→ Material to process
----------------

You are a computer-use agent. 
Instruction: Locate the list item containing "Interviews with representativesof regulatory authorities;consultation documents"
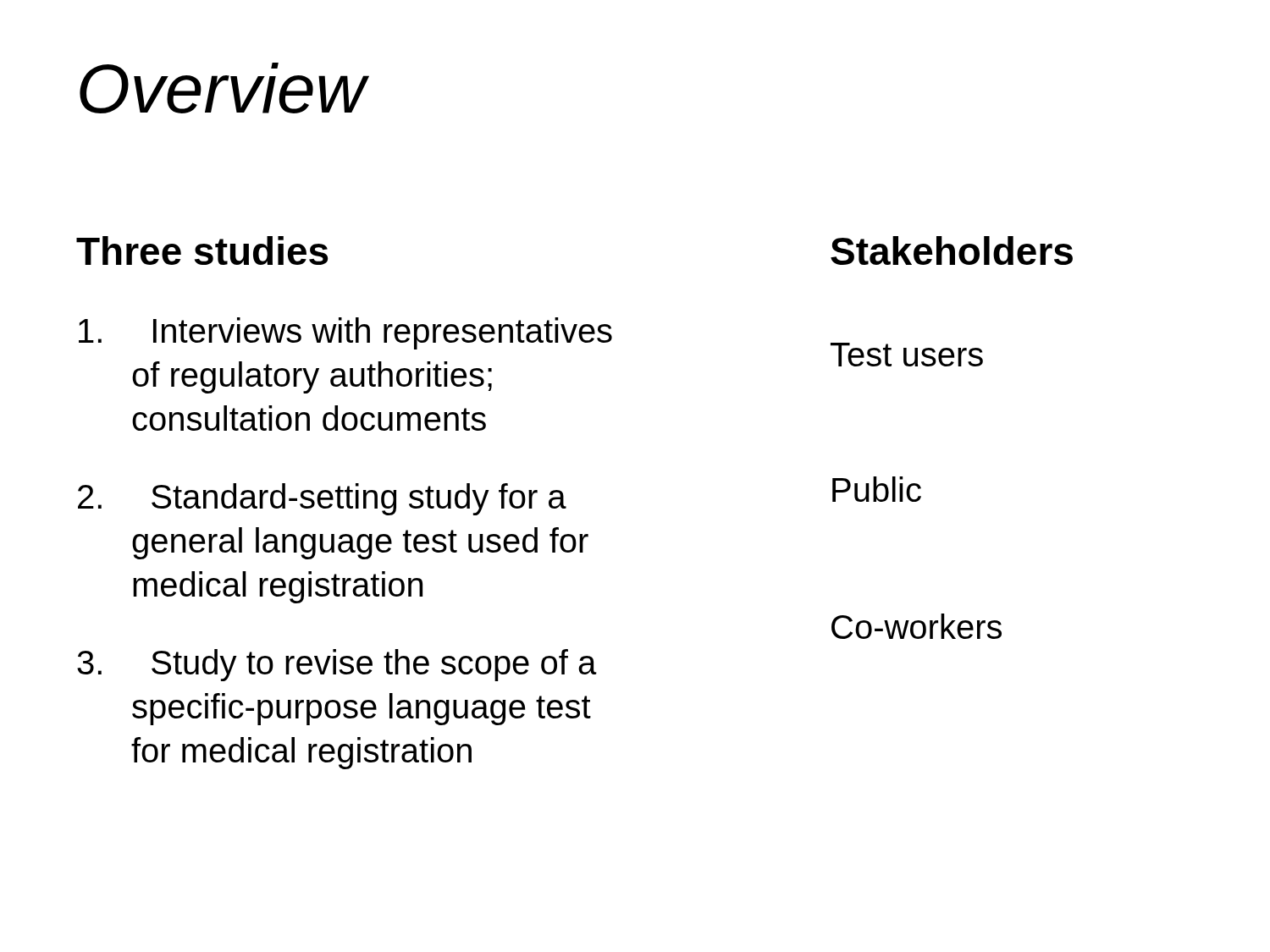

----------------

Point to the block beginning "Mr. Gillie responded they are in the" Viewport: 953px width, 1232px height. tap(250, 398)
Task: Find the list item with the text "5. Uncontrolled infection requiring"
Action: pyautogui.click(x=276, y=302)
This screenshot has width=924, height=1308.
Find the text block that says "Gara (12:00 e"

----------------

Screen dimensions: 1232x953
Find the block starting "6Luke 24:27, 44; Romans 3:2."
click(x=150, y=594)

----------------

→ Exercise prompt
Retype, in the same exact form, the lines of the material above from the line holding "This screenshot has width=924, height=1308." through the line holding "Find the text".

→ Exercise solution
This screenshot has width=924, height=1308.
Find the text block that says "Gara (12:00 e"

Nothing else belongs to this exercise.